§ Activity:
The lines to copy run from the one containing "euler=(-4, 56, 11))" to the last line of the entries; output those lines exactly and only them, without pictures.

[Entries taken from a collection]
=== Section Start ===
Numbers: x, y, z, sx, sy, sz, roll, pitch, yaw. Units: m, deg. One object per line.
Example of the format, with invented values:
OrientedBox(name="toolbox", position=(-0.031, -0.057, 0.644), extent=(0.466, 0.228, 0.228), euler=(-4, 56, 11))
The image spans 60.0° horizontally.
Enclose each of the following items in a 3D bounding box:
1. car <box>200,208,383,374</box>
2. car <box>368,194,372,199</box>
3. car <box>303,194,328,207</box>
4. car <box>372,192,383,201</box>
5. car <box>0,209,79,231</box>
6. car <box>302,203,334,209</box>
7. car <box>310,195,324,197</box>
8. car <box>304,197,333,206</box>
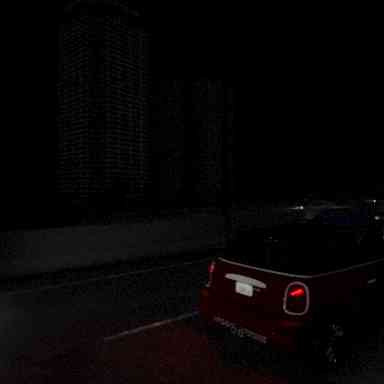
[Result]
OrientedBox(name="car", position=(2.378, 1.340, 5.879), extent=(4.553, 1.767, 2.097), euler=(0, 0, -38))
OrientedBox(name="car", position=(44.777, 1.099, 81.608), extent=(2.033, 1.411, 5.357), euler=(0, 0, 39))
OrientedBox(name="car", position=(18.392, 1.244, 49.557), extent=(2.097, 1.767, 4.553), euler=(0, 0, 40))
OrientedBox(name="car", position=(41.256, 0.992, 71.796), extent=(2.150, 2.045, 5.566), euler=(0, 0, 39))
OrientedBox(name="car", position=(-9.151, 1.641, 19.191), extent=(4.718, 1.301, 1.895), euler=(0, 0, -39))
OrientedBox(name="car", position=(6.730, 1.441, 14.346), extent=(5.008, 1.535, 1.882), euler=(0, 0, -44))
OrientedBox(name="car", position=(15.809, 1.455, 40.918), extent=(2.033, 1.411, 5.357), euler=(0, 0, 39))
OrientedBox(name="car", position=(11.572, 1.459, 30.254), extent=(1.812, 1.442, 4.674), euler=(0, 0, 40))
=== Section End ===
§ Written answer:
OrientedBox(name="toolbox", position=(-0.031, -0.057, 0.644), extent=(0.466, 0.228, 0.228), euler=(-4, 56, 11))
The image spans 60.0° horizontally.
Enclose each of the following items in a 3D bounding box:
1. car <box>200,208,383,374</box>
2. car <box>368,194,372,199</box>
3. car <box>303,194,328,207</box>
4. car <box>372,192,383,201</box>
5. car <box>0,209,79,231</box>
6. car <box>302,203,334,209</box>
7. car <box>310,195,324,197</box>
8. car <box>304,197,333,206</box>
[Result]
OrientedBox(name="car", position=(2.378, 1.340, 5.879), extent=(4.553, 1.767, 2.097), euler=(0, 0, -38))
OrientedBox(name="car", position=(44.777, 1.099, 81.608), extent=(2.033, 1.411, 5.357), euler=(0, 0, 39))
OrientedBox(name="car", position=(18.392, 1.244, 49.557), extent=(2.097, 1.767, 4.553), euler=(0, 0, 40))
OrientedBox(name="car", position=(41.256, 0.992, 71.796), extent=(2.150, 2.045, 5.566), euler=(0, 0, 39))
OrientedBox(name="car", position=(-9.151, 1.641, 19.191), extent=(4.718, 1.301, 1.895), euler=(0, 0, -39))
OrientedBox(name="car", position=(6.730, 1.441, 14.346), extent=(5.008, 1.535, 1.882), euler=(0, 0, -44))
OrientedBox(name="car", position=(15.809, 1.455, 40.918), extent=(2.033, 1.411, 5.357), euler=(0, 0, 39))
OrientedBox(name="car", position=(11.572, 1.459, 30.254), extent=(1.812, 1.442, 4.674), euler=(0, 0, 40))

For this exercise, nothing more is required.